Face à ce plan stratégique, les partis traditionnels n'opposent pour l'instant qu'un seul atout : LA PEUR. La peur du chaos économique, la peur de la misère, la peur d'une révolution bolivarienne qui balaie tout, la peur pour les petites gens de perdre leur modeste patrimoine... 

Les partis de la CASTE agitent cet épouvantail : "sans nous, point de crédit international... sans nous la prime de risque s'envole...sans nous les investisseurs internationaux fuiront...sans nous le pays s'enfoncera dans la récession...sans nous point de salut...." 

Je suis convaincu que cette riposte basée sur la peur ne sera pas de nature à freiner l'émergence d'un mouvement qui est en train de lisser tout ce qui pourrait dans son discours apparaître comme une prise de pouvoir violente et antidémocratique. 

Les partis traditionnels n'ont pas mesuré à quel point les gens sont exaspérés, et écœurés par leur gestion irresponsable, par leur manque de vergogne, par l'incroyable culot avec lequel ils se sont enrichis alors qu'ils portaient le pays à la ruine... Ces gens-là doivent partir et laisser la place à d'autres. 
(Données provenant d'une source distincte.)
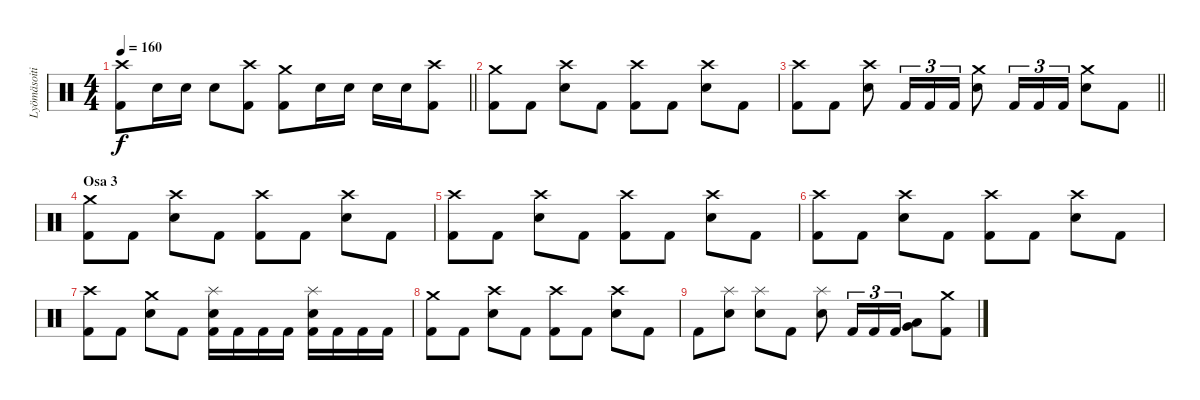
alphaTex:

\track ("Lyömäsoitin" "Lyömäsoiti") {instrument percussion}
\staff {score}
\articulation defaults
\ts (4 4)
\tempo 160
\clef neutral
\barLineRight lightlight
\ks c
("Crash high (hit)" "Kick (hit) 2").8{dy f} "Snare (hit) 2".16 "Snare (hit) 2".16 "Snare (hit) 2".8 ("Crash high (hit)" "Kick (hit) 2").8 ("Crash medium (hit)" "Kick (hit) 2").8 "Snare (hit) 2".16 "Snare (hit) 2".16 "Snare (hit) 2".16 "Snare (hit) 2".16 ("Crash high (hit)" "Kick (hit) 2").8 |
("Crash medium (hit)" "Kick (hit) 2").8 "Kick (hit) 2".8 ("Crash high (hit)" "Snare (hit) 2").8 "Kick (hit) 2".8 ("Crash high (hit)" "Kick (hit) 2").8 "Kick (hit) 2".8 ("Crash high (hit)" "Snare (hit) 2").8 "Kick (hit) 2".8 |
\barLineRight lightlight
("Crash high (hit)" "Kick (hit) 2").8 "Kick (hit) 2".8 ("Crash high (hit)" "Snare (hit) 2").8 "Kick (hit) 2".16{tu (3 2)} "Kick (hit) 2".16{tu (3 2)} "Kick (hit) 2".16{tu (3 2)} ("Crash medium (hit)" "Snare (hit) 2").8 "Kick (hit) 2".16{tu (3 2)} "Kick (hit) 2".16{tu (3 2)} "Kick (hit) 2".16{tu (3 2)} ("Crash medium (hit)" "Snare (hit) 2").8 "Kick (hit) 2".8 |
\section ("" "Osa 3")
("Crash medium (hit)" "Kick (hit) 2").8 "Kick (hit) 2".8 ("Crash high (hit)" "Snare (hit) 2").8 "Kick (hit) 2".8 ("Crash high (hit)" "Kick (hit) 2").8 "Kick (hit) 2".8 ("Crash high (hit)" "Snare (hit) 2").8 "Kick (hit) 2".8 |
("Crash high (hit)" "Kick (hit) 2").8 "Kick (hit) 2".8 ("Crash high (hit)" "Snare (hit) 2").8 "Kick (hit) 2".8 ("Crash high (hit)" "Kick (hit) 2").8 "Kick (hit) 2".8 ("Crash high (hit)" "Snare (hit) 2").8 "Kick (hit) 2".8 |
("Crash high (hit)" "Kick (hit) 2").8 "Kick (hit) 2".8 ("Crash high (hit)" "Snare (hit) 2").8 "Kick (hit) 2".8 ("Crash high (hit)" "Kick (hit) 2").8 "Kick (hit) 2".8 ("Crash high (hit)" "Snare (hit) 2").8 "Kick (hit) 2".8 |
("Crash high (hit)" "Kick (hit) 2").8 "Kick (hit) 2".8 ("Crash medium (hit)" "Snare (hit) 2").8 "Kick (hit) 2".8 ("Splash (hit)" "Snare (hit) 2" "Kick (hit) 2").16 "Kick (hit) 2".16 "Kick (hit) 2".16 "Kick (hit) 2".16 ("Splash (hit)" "Snare (hit) 2" "Kick (hit) 2").16 "Kick (hit) 2".16 "Kick (hit) 2".16 "Kick (hit) 2".16 |
("Crash medium (hit)" "Kick (hit) 2").8 "Kick (hit) 2".8 ("Crash high (hit)" "Snare (hit) 2").8 "Kick (hit) 2".8 ("Crash high (hit)" "Kick (hit) 2").8 "Kick (hit) 2".8 ("Crash high (hit)" "Snare (hit) 2").8 "Kick (hit) 2".8 |
"Kick (hit) 2".8 ("Splash (hit)" "Snare (hit) 2").8 ("Splash (hit)" "Snare (hit) 2").8 "Kick (hit) 2".8 ("Splash (hit)" "Snare (hit) 2").8 "Kick (hit) 2".16{tu (3 2)} "Kick (hit) 2".16{tu (3 2)} "Kick (hit) 2".16{tu (3 2)} ("Low Tom (hit)" "Very Low Tom (hit)").8 ("Crash medium (hit)" "Kick (hit) 2").8

Le Parti Socialiste espagnol a déjà réagi en se défaisant d'Alfredo RUBALCABA l'ancien secrétaire général qui tenait les rênes et en élisant un jeune quadra, Pedro Sanchez, capable de représenter la régénération et qui ne traîne aucune vilaine casserole derrière lui. 

Le PP de Rajoy n'arrive pas ( pour l'instant) à se régénérer car il faudrait virer tout le monde ("la cúpula") ou presque à commencer par le propre président Rajoy, qui a demandé pardon au peuple espagnol cette semaine dans des conditions et avec un manque de cohérence et de crédibilité assez pathétiques... 

Alors, les amis, que penser de PODEMOS ? 

Moi, je ne suis pas prophète, et ce n'est pas ma vocation : simplement je pense qu'aujourd'hui l'Espagne a la nitro dans une main et la glycérine dans l'autre...L'Espagne pourrait devenir la première puissance européenne et occidentale où des forces non directement issues d'une classe politique archaïque, acquise à la grande finance, offre au peuple une alternative. Il n'est pas interdit de rêver qu'il se produise un bouleversement au sein de l'UE et que la tête de pont soit PODEMOS qui pourrait non seulement avoir un effet national révolutionnaire, mais aussi un effet de contagion sur tous les pays en crise.